### Task goal
Hunt through the lines below for the string "insert" and copy each one that has it.

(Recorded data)
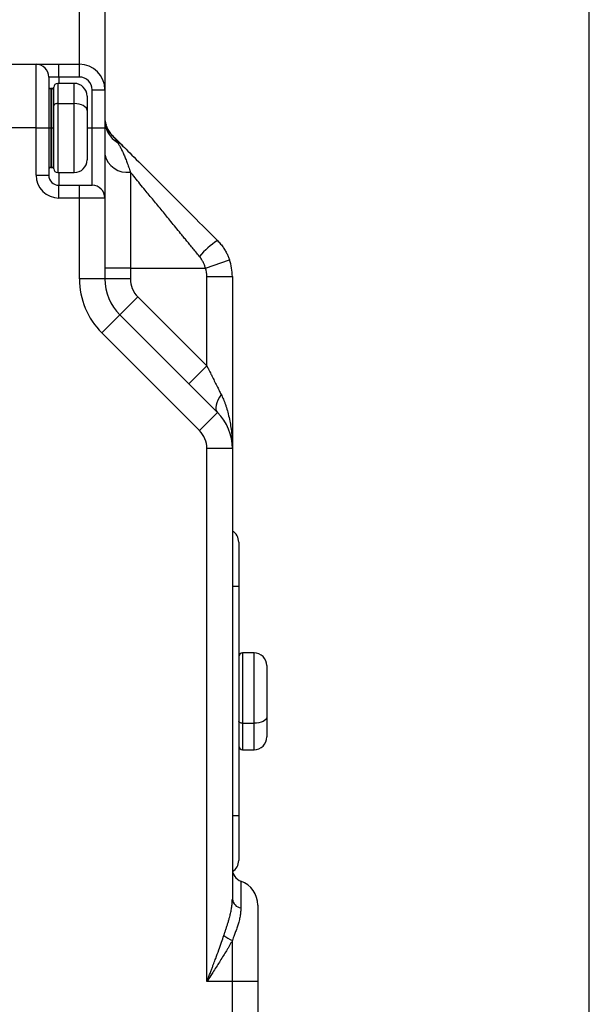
# Model space of a CAD drawing. Header units: millimetres. Extents: x 0 to 838, y 0 to 648.
# Tile 13 of 59: x 172 to 217, y 189 to 266. Entities that reach past the tile are written whole.
import ezdxf

# ---------------------------------------------------------------- set-up
doc = ezdxf.new("R2010")
doc.units = ezdxf.units.MM
doc.header["$LTSCALE"] = 3
doc.layers.add('DIMENSIONS', color=140, linetype='Continuous', lineweight=25)
doc.styles.add('SLDTEXTSTYLE0', font='TXT', dxfattribs={"width": 0.7})
doc.dimstyles.new('SLDDIMSTYLE0', dxfattribs={"dimtxt": 6.474023, "dimasz": 9.906, "dimexe": 0, "dimexo": 0.0625, "dimgap": 1.618506, "dimtad": 0, "dimtih": 1, "dimtoh": 1, "dimdec": 1, "dimrnd": 1e-09, "dimzin": 4, "dimdsep": 46, "dimtxsty": 'SLDTEXTSTYLE0', "dimsah": 1, "dimcen": 0.09, "dimadec": 0, "dimazin": 1, "dimtfac": 1, "dimtdec": 1, "dimtofl": 0, "dimtmove": 0, "dimatfit": 3, "dimfxl": 0, "dimfrac": 2, "dimtolj": 1, "dimtzin": 12, "dimarcsym": 0})

# ---------------------------------------------------------------- blocks, each defined once
blk = doc.blocks.new('_D_20')
at = {"layer": 'DIMENSIONS'}
for p, q in [((128.975, 310.694), (128.975, 410.909)), ((216.975, 142.694), (216.975, 410.909)), ((128.975, 401.384), (155.007, 401.384)), ((163.78, 401.384), (161.606, 401.384)), ((161.606, 401.384), (161.606, 391.094)), ((183.019, 401.384), (185.193, 401.384)), ((185.193, 401.384), (185.193, 391.094)), ((216.975, 401.384), (191.792, 401.384)), ((161.606, 391.094), (163.78, 391.094)), ((185.193, 391.094), (183.019, 391.094))]:
    blk.add_line(p, q, dxfattribs=at)
for points in [[(128.975, 401.384), (138.881, 399.86), (138.881, 402.908)], [(216.975, 401.384), (207.069, 402.908), (207.069, 399.86)]]:
    blk.add_solid(points, dxfattribs=at)
at = {"layer": 'DIMENSIONS', "char_height": 6.35, "attachment_point": 1, "style": 'SLDTEXTSTYLE0'}
for s, insert in [('88.0', (163.78, 411.018)), ('3.46', (163.78, 399.28))]:
    blk.add_mtext(s, dxfattribs=dict(at, insert=insert))

msp = doc.modelspace()

# ---------------------------------------------------------------- linework, layer by layer
for p, q in [((176.974766, 262.383516), (176.974766, 268.383516)), ((178.974766, 268.383516), (178.974766, 260.383516)), ((139.931402, 262.383516), (173.574766, 262.383516)), ((173.574766, 257.383516), (173.574766, 262.383516)), ((173.574766, 262.383516), (175.374766, 262.383516)), ((175.374766, 261.383516), (175.374766, 262.383516)), ((175.374766, 262.383516), (176.974766, 262.383516)), ((176.974766, 261.383516), (176.974766, 262.383516)), ((174.574766, 261.383516), (174.574766, 257.383516)), ((175.374766, 261.383516), (174.574766, 261.383516)), ((176.974766, 261.383516), (175.374766, 261.383516)), ((175.374766, 261.383516), (175.374766, 260.883516)), ((174.824766, 260.483516), (174.724766, 260.483516)), ((174.724766, 260.483516), (174.724766, 257.383516)), ((174.824766, 257.383516), (174.824766, 260.483516)), ((174.974766, 259.133737), (174.974766, 260.583516)), ((176.574766, 260.883516), (175.274766, 260.883516)), ((175.274766, 260.883516), (175.274766, 259.297821)), ((176.574766, 259.297821), (176.574766, 260.883516)), ((177.574766, 259.883516), (177.574766, 258.750877)), ((177.974766, 260.383516), (178.974766, 260.383516)), ((177.974766, 257.383516), (177.974766, 260.383516)), ((178.974766, 260.383516), (178.974766, 257.383516)), ((174.974766, 254.183516), (174.974766, 259.133737)), ((175.274766, 259.297821), (176.574766, 259.297821)), ((175.274766, 259.297821), (175.274766, 253.883516)), ((176.574766, 253.883516), (176.574766, 259.297821)), ((177.574766, 258.750877), (177.574766, 254.883516)), ((173.574766, 257.383516), (133.560552, 257.383516)), ((173.574766, 253.683516), (173.574766, 257.383516)), ((173.574766, 257.383516), (174.574766, 257.383516)), ((174.574766, 257.383516), (174.574766, 253.683516)), ((174.574766, 257.383516), (174.724766, 257.383516)), ((174.824766, 257.383516), (174.724766, 257.383516)), ((174.724766, 257.383516), (174.724766, 254.283516)), ((174.824766, 257.383516), (174.974766, 257.383516)), ((174.824766, 254.283516), (174.824766, 257.383516)), ((177.574766, 257.383516), (177.974766, 257.383516)), ((177.974766, 252.883516), (177.974766, 257.383516)), ((177.974766, 257.383516), (178.974766, 257.383516)), ((178.974766, 257.383516), (178.974766, 251.883516)), ((179.093571, 257.601972), (179.012425, 257.825653)), ((174.724766, 254.283516), (174.824766, 254.283516)), ((173.574766, 253.683516), (174.574766, 253.683516)), ((175.274766, 253.883516), (176.574766, 253.883516)), ((175.374766, 253.883516), (175.374766, 252.883516)), ((180.974766, 253.92655), (180.974766, 246.383516)), ((175.374766, 251.883516), (175.374766, 252.883516)), ((175.374766, 252.883516), (176.974766, 252.883516)), ((176.974766, 251.883516), (176.974766, 252.883516)), ((176.974766, 252.883516), (177.974766, 252.883516)), ((176.974766, 251.883516), (175.374766, 251.883516)), ((176.974766, 245.54037), (176.974766, 251.883516)), ((178.974766, 251.883516), (176.974766, 251.883516)), ((178.974766, 251.883516), (178.974766, 245.54037)), ((186.863824, 246.383516), (188.752883, 247.04037)), ((180.974766, 246.383516), (178.974766, 246.383516)), ((180.974766, 246.383516), (180.974766, 245.54037)), ((180.974766, 246.383516), (186.863824, 246.383516)), ((178.974766, 245.54037), (176.974766, 245.54037)), ((180.974766, 245.54037), (178.974766, 245.54037)), ((186.974766, 238.711943), (186.974766, 245.726662)), ((186.974766, 245.726662), (188.974766, 245.726662)), ((188.974766, 245.726662), (188.974766, 232.226662)), ((181.560552, 244.126157), (180.146338, 242.711943)), ((181.560552, 244.126157), (186.974766, 238.711943)), ((180.146338, 242.711943), (178.732125, 241.29773)), ((180.146338, 242.711943), (187.803193, 235.055089)), ((186.388979, 233.640876), (178.732125, 241.29773)), ((186.974766, 238.711943), (185.560552, 237.29773)), ((187.803193, 235.055089), (186.388979, 233.640876)), ((186.974766, 190.383516), (186.974766, 232.226662)), ((188.974766, 232.226662), (186.974766, 232.226662)), ((188.974766, 232.226662), (188.974766, 196.859713)), ((189.474766, 224.883516), (189.474766, 221.383516)), ((189.474766, 221.383516), (188.974766, 221.383516)), ((189.474766, 221.383516), (189.474766, 203.383516)), ((190.674766, 216.183516), (189.774766, 216.183516)), ((189.774766, 216.183516), (189.774766, 210.670259)), ((190.674766, 210.670259), (190.674766, 216.183516)), ((191.674766, 215.183516), (191.674766, 211.121116)), ((191.674766, 211.121116), (191.674766, 209.583516)), ((189.774766, 210.670259), (190.674766, 210.670259)), ((189.774766, 210.670259), (189.774766, 208.583516)), ((190.674766, 208.583516), (190.674766, 210.670259)), ((189.774766, 208.583516), (190.674766, 208.583516)), ((189.474766, 203.383516), (188.974766, 203.383516)), ((189.474766, 203.383516), (189.474766, 199.883516)), ((189.641432, 198.269134), (189.641432, 196.168104)), ((190.974766, 196.383516), (190.974766, 190.383516)), ((188.974766, 190.383516), (188.974766, 193.608993)), ((188.974766, 190.383516), (186.974766, 190.383516)), ((188.974766, 118.883516), (188.974766, 190.383516)), ((190.974766, 190.383516), (188.974766, 190.383516)), ((190.974766, 190.383516), (190.974766, 118.883516))]:
    msp.add_line(p, q)
at = {"flags": 128}
for points in [[(175.274766, 259.297821), (175.216238, 259.294668), (175.159961, 259.285331), (175.108094, 259.270168), (175.062634, 259.249762), (175.025325, 259.224897), (174.997602, 259.196529), (174.98053, 259.165748), (174.974766, 259.133737)], [(177.574766, 258.750877), (177.555551, 258.85758), (177.498645, 258.960183), (177.406235, 259.054742), (177.281872, 259.137624), (177.130336, 259.205644), (176.957449, 259.256187), (176.769856, 259.287311), (176.574766, 259.297821)], [(188.096086, 236.469303), (187.95489, 236.24612), (187.840335, 236.027647), (187.75484, 235.818493), (187.700208, 235.623074), (187.677593, 235.445511), (187.687471, 235.289553), (187.729634, 235.158491), (187.803193, 235.055089)], [(191.674766, 211.121116), (191.655551, 211.033158), (191.598645, 210.94858), (191.506235, 210.870633), (191.381872, 210.802312), (191.230336, 210.746242), (191.057449, 210.704578), (190.869856, 210.678922), (190.674766, 210.670259)], [(189.774766, 210.670259), (189.716238, 210.672858), (189.659961, 210.680555), (189.608094, 210.693054), (189.562634, 210.709875), (189.525325, 210.730371), (189.497602, 210.753755), (189.48053, 210.779129), (189.474766, 210.805516)]]:
    msp.add_lwpolyline(points, dxfattribs=at)
for centre, radius, start, end in [((173.574766, 261.383516), 1, 0, 90), ((176.974766, 260.383516), 2, 0, 90), ((176.974766, 260.383516), 1, 0, 90), ((174.724766, 260.633516), 0.15, 180, 270), ((174.824766, 260.333516), 0.15, 0, 90), ((175.274766, 260.583516), 0.3, 90, 180), ((176.574766, 259.883516), 1, 0, 90), ((180.974766, 258.211943), 2, 180, 225), ((180.933767, 257.964835), 1.959013, 180.19632313, 240.69011408), ((179.381761, 254.95941), 1.426314, 45.07596671, 65.43279736), ((180.709879, 255.684295), 1.777592, 192.55095203, 278.56981965), ((174.724766, 254.133516), 0.15, 90, 180), ((174.824766, 254.433516), 0.15, 270, 0), ((176.574766, 254.883516), 1, 270, 0), ((175.374766, 253.683516), 1.8, 180, 270), ((175.374766, 253.683516), 0.8, 180, 270), ((175.274766, 254.183516), 0.3, 180, 270), ((177.974766, 251.883516), 1, 0, 90), ((192.231303, 242.103234), 7.825254, 124.46302595, 138.29659081), ((184.974766, 245.726662), 4, 0, 19.17333614), ((184.974766, 245.726662), 2, 0, 19.17333614), ((182.974766, 245.54037), 6, 180, 225), ((182.974766, 245.54037), 4, 180, 225), ((182.974766, 245.54037), 2, 180, 225), ((184.974766, 232.226662), 4, 0, 45), ((184.974766, 232.226662), 2, 0, 45), ((188.474766, 224.883516), 1, 0, 60), ((189.774766, 215.883516), 0.3, 90, 180), ((190.674766, 215.183516), 1, 0, 90), ((190.674766, 209.583516), 1, 270, 0), ((189.774766, 208.883516), 0.3, 180, 270), ((188.474766, 199.883516), 1, 301.14031476, 0), ((189.974766, 199.211943), 1, 180, 250.52877937), ((188.974766, 196.383516), 2, 0, 70.52877937), ((189.759917, 196.949432), 0.790261, 186.51892459, 261.37706583), ((189.882535, 195.862752), 2.429707, 229.60944331, 248.06139592)]:
    msp.add_arc(centre, radius, start, end)
for points, knots in [([(179.60922, 256.746975), (179.456814, 256.901451), (179.269564, 257.091246), (179.188318, 257.336784), (179.173199, 257.382475)], [0, 0, 0, 0, 0.813913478, 1, 1, 1, 1]), ([(179.560552, 256.79773), (179.578828, 256.778938), (179.618593, 256.73805), (179.685126, 256.661328), (179.765399, 256.560254), (179.862803, 256.427224), (179.935651, 256.316212), (179.974766, 256.256606)], [0, 0, 0, 0, 0.141701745, 0.308322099, 0.500014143, 0.731540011, 1, 1, 1, 1]), ([(179.974766, 256.256606), (179.991853, 256.228562), (180.026857, 256.171112), (180.083261, 256.072882), (180.144229, 255.961644), (180.21015, 255.835033), (180.281158, 255.691474), (180.357473, 255.528977), (180.452336, 255.316529), (180.566341, 255.044836), (180.698796, 254.705683), (180.812478, 254.395767), (180.893109, 254.165958), (180.93379, 254.047458), (180.954254, 253.987273), (180.965944, 253.952617), (180.971861, 253.935195), (180.974819, 253.926485)], [0, 0, 0, 0, 0.06175834, 0.126520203, 0.194415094, 0.265572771, 0.340120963, 0.418182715, 0.499873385, 0.624023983, 0.749836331, 0.874641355, 0.93722075, 0.968583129, 0.984286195, 0.992143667, 1, 1, 1, 1]), ([(180.388979, 255.969303), (180.705167, 255.653115), (181.119973, 255.238309), (182.133594, 254.224688), (182.732247, 253.626034), (184.057903, 252.300379), (184.784057, 251.574225), (186.281276, 250.077006), (187.051376, 249.306906), (187.803193, 248.555089)], [0, 0, 0, 0, 0.25, 0.25, 0.5, 0.5, 0.75, 0.75, 1, 1, 1, 1]), ([(186.388979, 247.309178), (186.294703, 247.424423), (186.110823, 247.649202), (185.842744, 247.976988), (185.58923, 248.286883), (185.350328, 248.578821), (185.126018, 248.852854), (184.726872, 249.340568), (184.174735, 250.01571), (183.462151, 250.886315), (182.790983, 251.70688), (182.210351, 252.416345), (181.732823, 253.00009), (181.341002, 253.478972), (181.095349, 253.779185), (180.974766, 253.92655)], [0, 0, 0, 0, 0.048867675, 0.095314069, 0.139339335, 0.180943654, 0.220127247, 0.256890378, 0.390882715, 0.51312564, 0.642004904, 0.762559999, 0.844566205, 0.923702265, 1, 1, 1, 1]), ([(187.803193, 248.555089), (187.847735, 248.5093), (187.935529, 248.41905), (188.057099, 248.278056), (188.169105, 248.136422), (188.271349, 247.994343), (188.36437, 247.852658), (188.448554, 247.711973), (188.524344, 247.572881), (188.592233, 247.435923), (188.652568, 247.301541), (188.706257, 247.170317), (188.737549, 247.083106), (188.752883, 247.04037)], [0, 0, 0, 0, 0.106299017, 0.209518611, 0.30965916, 0.406721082, 0.500704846, 0.59161097, 0.679440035, 0.764192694, 0.845869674, 0.9244718, 1, 1, 1, 1]), ([(186.863824, 246.383516), (186.851197, 246.425757), (186.826058, 246.509846), (186.781026, 246.63304), (186.730905, 246.753207), (186.655412, 246.910953), (186.547942, 247.101479), (186.441606, 247.240417), (186.388979, 247.309178)], [0, 0, 0, 0, 0.126155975, 0.251142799, 0.375246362, 0.498758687, 0.751934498, 1, 1, 1, 1]), ([(186.974766, 238.711943), (187.015916, 238.629695), (187.092651, 238.476322), (187.199344, 238.26311), (187.289119, 238.083389), (187.376885, 237.907647), (187.465839, 237.729829), (187.596944, 237.467534), (187.754333, 237.153116), (187.932926, 236.795892), (188.043742, 236.574077), (188.096086, 236.469303)], [0, 0, 0, 0, 0.108642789, 0.202592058, 0.281847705, 0.346409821, 0.435401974, 0.517916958, 0.695493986, 0.85616688, 1, 1, 1, 1]), ([(188.096086, 236.469303), (188.12573, 236.4085), (188.186511, 236.283835), (188.271454, 236.089426), (188.354279, 235.883867), (188.433873, 235.666917), (188.538425, 235.353245), (188.659845, 234.924481), (188.775114, 234.403773), (188.866212, 233.858509), (188.925172, 233.350916), (188.96624, 232.798763), (188.97162, 232.437763), (188.974766, 232.226662)], [0, 0, 0, 0, 0.045415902, 0.093117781, 0.143121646, 0.195441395, 0.250089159, 0.368417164, 0.500244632, 0.616688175, 0.749709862, 0.853638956, 1, 1, 1, 1]), ([(188.308099, 194.012178), (188.333874, 194.09015), (188.386199, 194.248442), (188.46573, 194.486058), (188.545771, 194.728241), (188.624841, 194.97473), (188.701139, 195.22562), (188.781343, 195.511538), (188.85863, 195.829688), (188.923084, 196.176826), (188.966238, 196.520875), (188.971919, 196.746617), (188.974766, 196.859713)], [0, 0, 0, 0, 0.077414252, 0.157159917, 0.239278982, 0.323809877, 0.410787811, 0.500245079, 0.624538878, 0.749227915, 0.874364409, 1, 1, 1, 1]), ([(189.641432, 196.168104), (189.640682, 196.116492), (189.63917, 196.012547), (189.627103, 195.852026), (189.607844, 195.686543), (189.580585, 195.515485), (189.545428, 195.338525), (189.502182, 195.155231), (189.441305, 194.930012), (189.353751, 194.650112), (189.243308, 194.332667), (189.113938, 193.98397), (189.025388, 193.745386), (188.974766, 193.608993)], [0, 0, 0, 0, 0.068036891, 0.137023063, 0.20706542, 0.278266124, 0.350721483, 0.424520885, 0.499745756, 0.618204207, 0.74979766, 0.856964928, 1, 1, 1, 1]), ([(186.974766, 190.383516), (187.018033, 190.495859), (187.101297, 190.712053), (187.221128, 191.023479), (187.330639, 191.309334), (187.429749, 191.569612), (187.518501, 191.804314), (187.597019, 192.013444), (187.728705, 192.366053), (187.906802, 192.85002), (188.121228, 193.45273), (188.247963, 193.832144), (188.308099, 194.012178)], [0, 0, 0, 0, 0.092335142, 0.177691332, 0.256068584, 0.327466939, 0.391886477, 0.449327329, 0.499789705, 0.682720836, 0.849449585, 1, 1, 1, 1]), ([(188.974766, 193.608993), (188.939485, 193.545766), (188.867858, 193.417397), (188.7552, 193.221008), (188.636746, 193.018193), (188.479, 192.753064), (188.273115, 192.415074), (188.026436, 192.019091), (187.766137, 191.608448), (187.521208, 191.226491), (187.253672, 190.813217), (187.077926, 190.542451), (186.974766, 190.383516)], [0, 0, 0, 0, 0.059863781, 0.121538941, 0.185035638, 0.25036318, 0.369811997, 0.500421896, 0.618292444, 0.750277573, 0.853417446, 1, 1, 1, 1])]:
    msp.add_open_spline(points, degree=3, knots=knots)
msp.add_open_spline([(179.560552, 256.79773), (179.812908, 256.545373), (180.093898, 256.264384), (180.388979, 255.969303)], degree=3)

# ---------------------------------------------------------------- dimensions: what is measured, and where the dimension line sits
at = {"layer": 'DIMENSIONS'}
dim = msp.add_linear_dim(base=(128.974766, 401.383541), p1=(216.974766, 138.883516), p2=(128.974766, 306.883516), dimstyle='SLDDIMSTYLE0', dxfattribs=at)
dim.commit()
dim.dimension.update_dxf_attribs({"geometry": '_D_20', "text_midpoint": (173.399539, 401.383541), "dimtype": 160})

doc.saveas('drawing.dxf')

### The completed task
for s, insert in [('88.0', (163.78, 411.018)), ('3.46', (163.78, 399.28))]:
    blk.add_mtext(s, dxfattribs=dict(at, insert=insert))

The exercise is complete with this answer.